How to calculate coefficients of polynomial using Lagrange interpolation
Asked Answered
Y

4

15

I need to calculate coefficients of polynomial using Lagrange interpolation polynomial, as my homework, I decide to do this in Javascript.

here is definition of Lagrange polynomial (L(x))

enter image description here

Lagrange basis polynomials are defined as follows

enter image description here

Calculate y value for specific X (W(x) function) is simple but I need to calculate coefficients of polynomial (array of [a0, a1, ..., an]) I need to do this to n<=10 but it will be nice to have arbitrary n, then I can put that function into horner function and draw that polynomial.

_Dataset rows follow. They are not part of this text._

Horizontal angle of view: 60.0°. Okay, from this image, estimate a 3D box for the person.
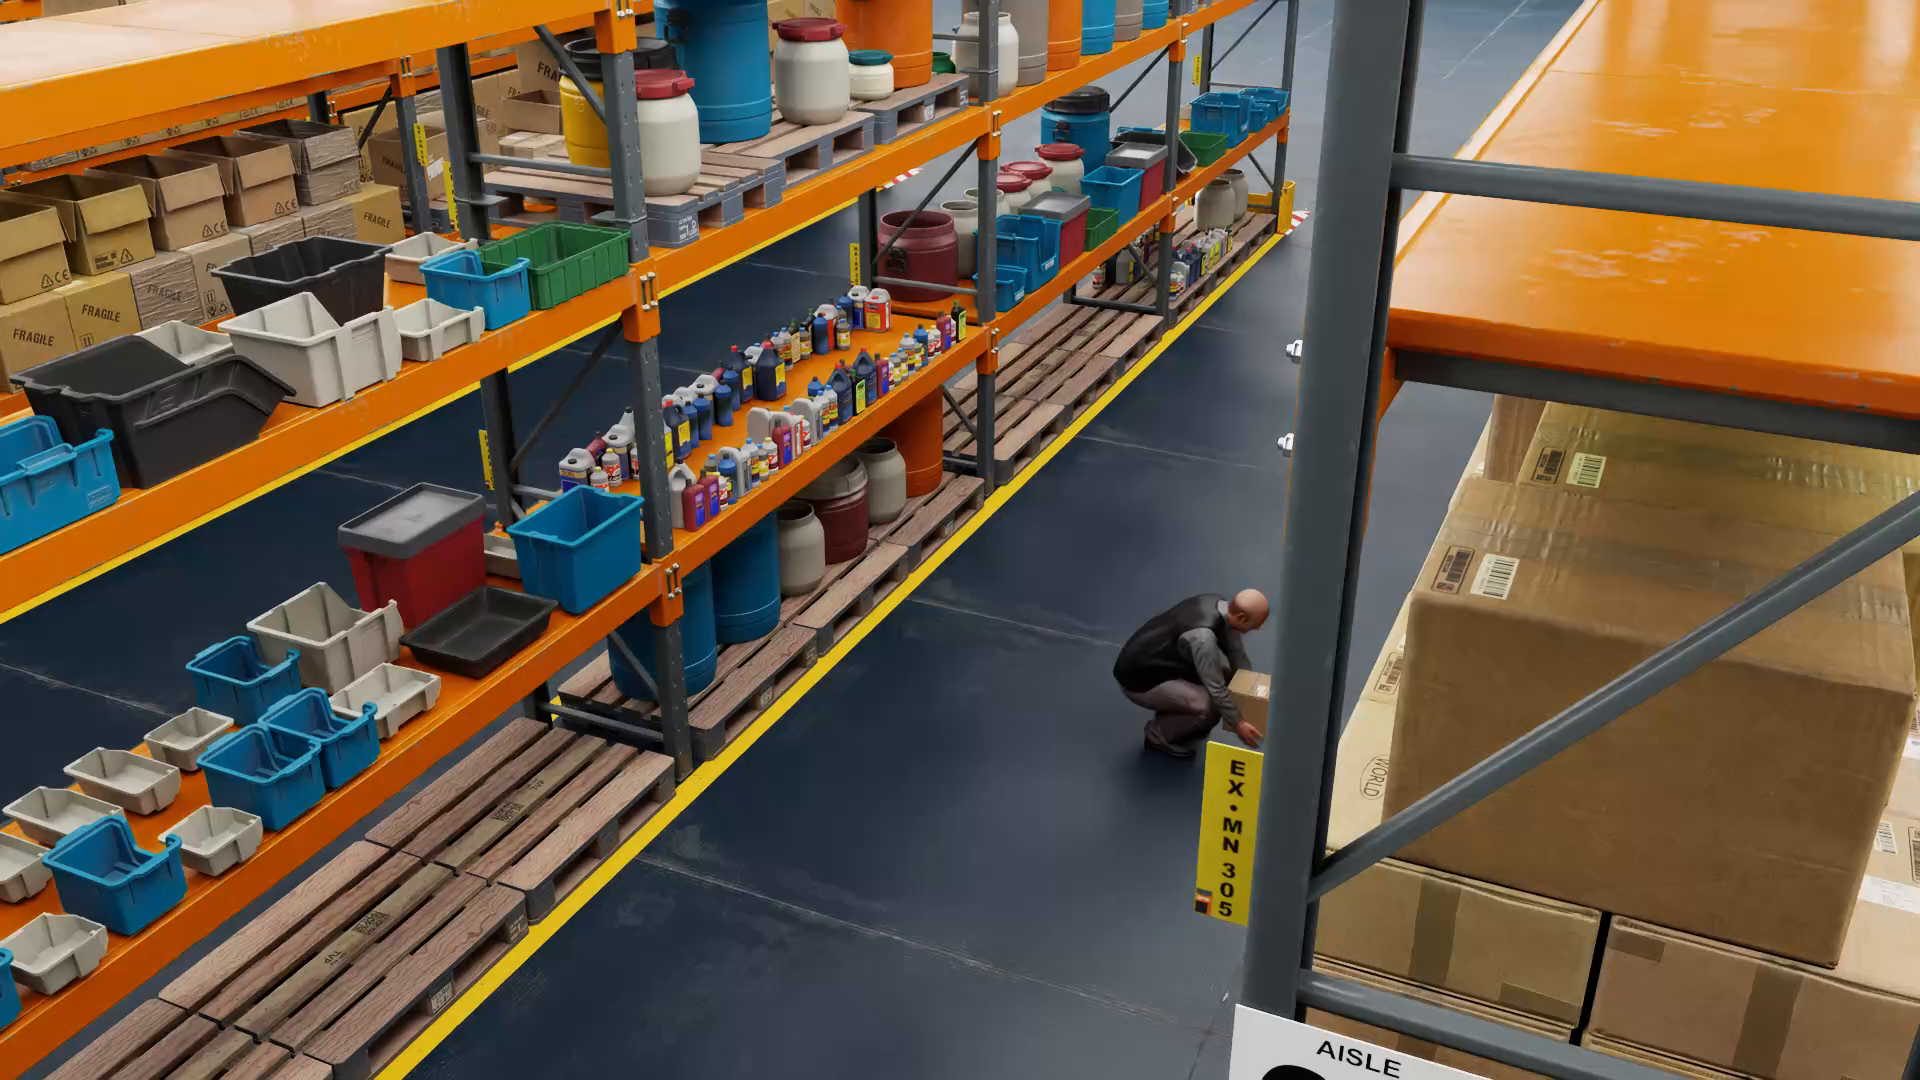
[{"bbox_3d":[1.272,0.677,8.941,0.854,0.974,0.519,11,28,21],"label":"person"}]
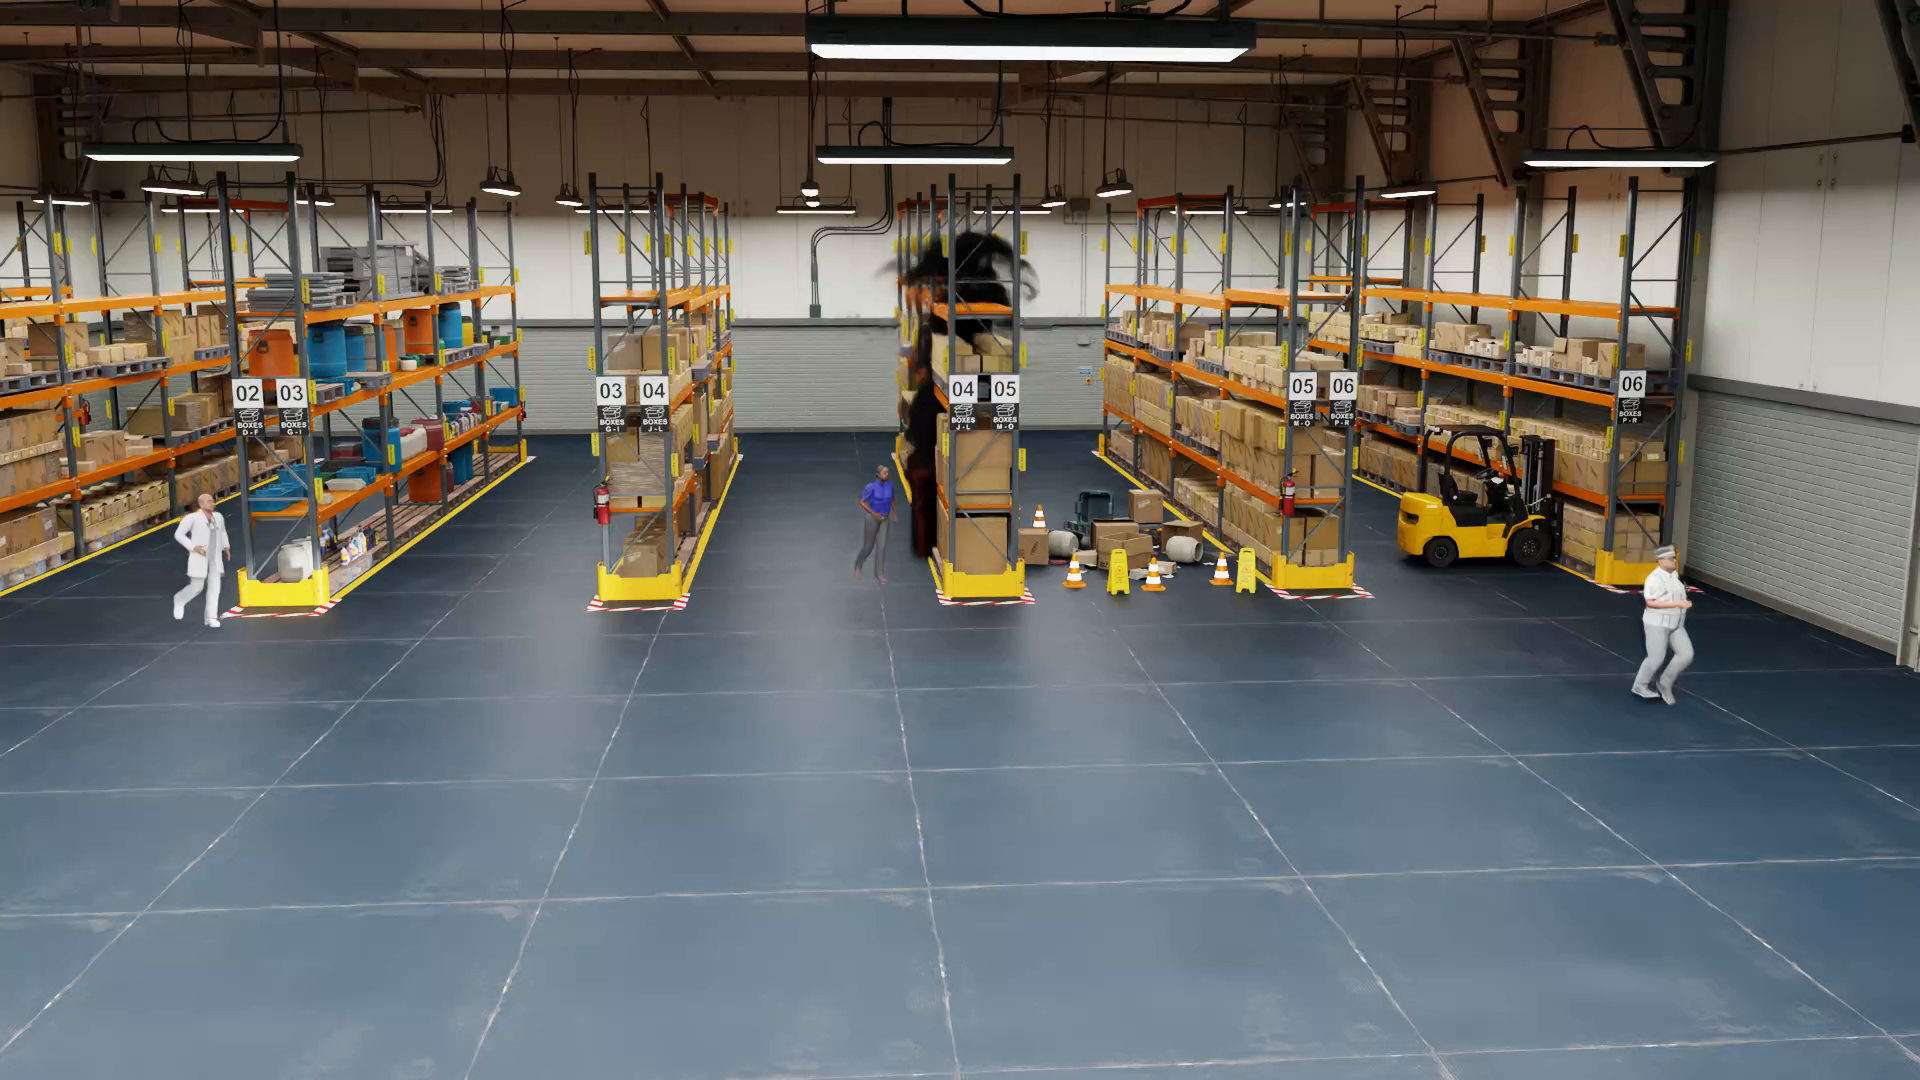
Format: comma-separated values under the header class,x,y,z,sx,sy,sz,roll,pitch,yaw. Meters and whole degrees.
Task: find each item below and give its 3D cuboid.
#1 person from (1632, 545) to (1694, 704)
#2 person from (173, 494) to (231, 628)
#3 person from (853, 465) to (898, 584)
class,x,y,z,sx,sy,sz,roll,pitch,yaw
person,7.795,0.951,18.311,0.642,1.821,0.689,-6,12,-30
person,-10.069,0.249,22.258,0.985,1.728,0.774,7,12,35
person,-1.144,-0.236,23.754,0.628,1.684,0.742,-7,12,-34

enter image description here

I have function that calculate denominator in first equation

function denominator(i, points) {
   var result = 1;
   var x_i = points[i].x;
   for (var j=points.length; j--;) {
      if (i != j) {
        result *= x_i - points[j].x;
      }
   }
   return result;
}

and function that return y using horner method (I also have drawing function using canvas)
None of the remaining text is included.